▶ _Provided records_
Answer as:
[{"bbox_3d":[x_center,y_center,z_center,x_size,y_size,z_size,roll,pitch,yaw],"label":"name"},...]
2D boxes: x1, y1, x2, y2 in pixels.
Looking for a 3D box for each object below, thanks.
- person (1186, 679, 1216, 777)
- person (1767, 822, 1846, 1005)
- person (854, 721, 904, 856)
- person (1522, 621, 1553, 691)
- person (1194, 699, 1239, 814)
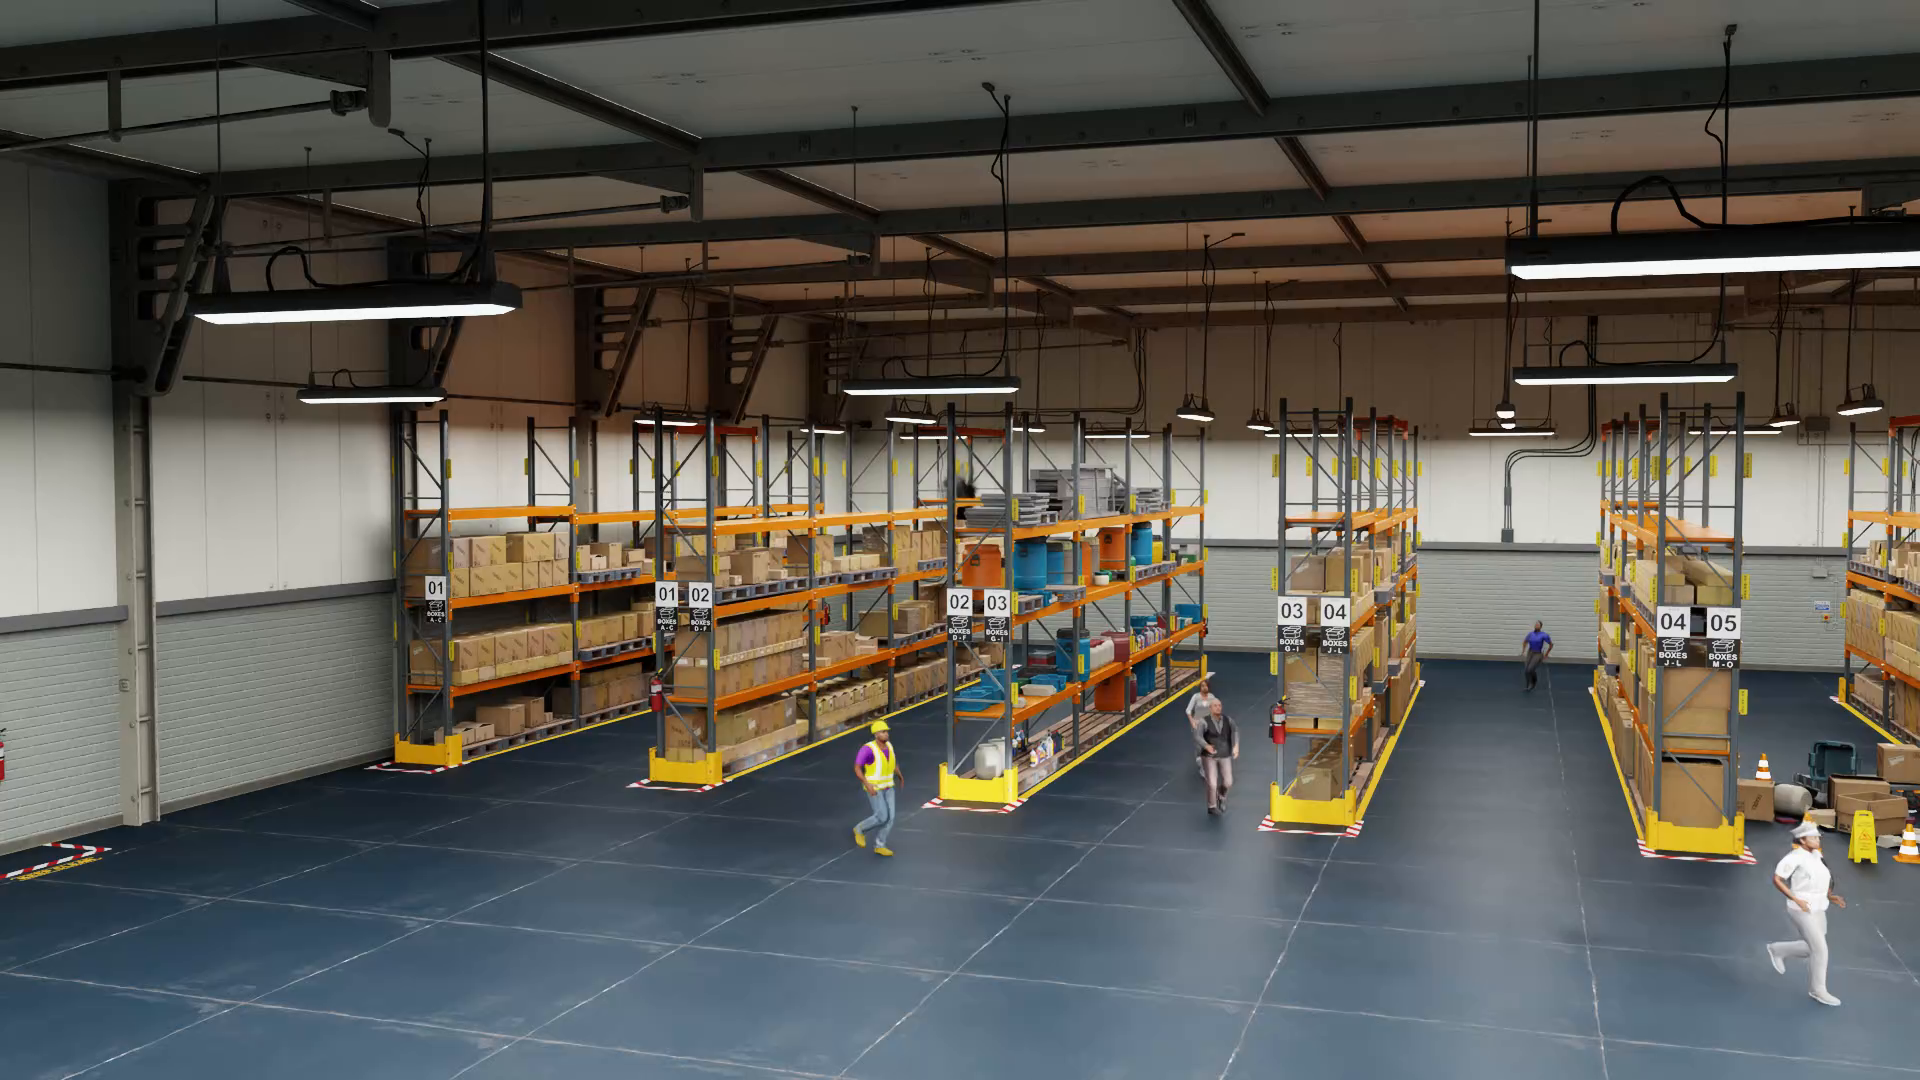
[{"bbox_3d":[3.985,3.067,27.250,0.547,1.557,0.583,0,2,6],"label":"person"},{"bbox_3d":[7.998,3.501,15.799,0.577,1.686,0.760,-2,3,-33],"label":"person"},{"bbox_3d":[-1.077,3.212,21.630,0.578,1.738,0.720,2,3,41],"label":"person"},{"bbox_3d":[12.880,2.603,37.242,0.566,1.597,0.637,-2,3,-42],"label":"person"},{"bbox_3d":[3.714,3.125,23.866,0.699,1.679,0.584,0,2,-5],"label":"person"}]

▶ _Exercise description_
The copy has to start at the line that contains "- person (1522, 621, 1553, 691)" and end at the last line of the material above, matching the original exactly and holding no pictures.

▶ _Solution_
- person (1522, 621, 1553, 691)
- person (1194, 699, 1239, 814)
[{"bbox_3d":[3.985,3.067,27.250,0.547,1.557,0.583,0,2,6],"label":"person"},{"bbox_3d":[7.998,3.501,15.799,0.577,1.686,0.760,-2,3,-33],"label":"person"},{"bbox_3d":[-1.077,3.212,21.630,0.578,1.738,0.720,2,3,41],"label":"person"},{"bbox_3d":[12.880,2.603,37.242,0.566,1.597,0.637,-2,3,-42],"label":"person"},{"bbox_3d":[3.714,3.125,23.866,0.699,1.679,0.584,0,2,-5],"label":"person"}]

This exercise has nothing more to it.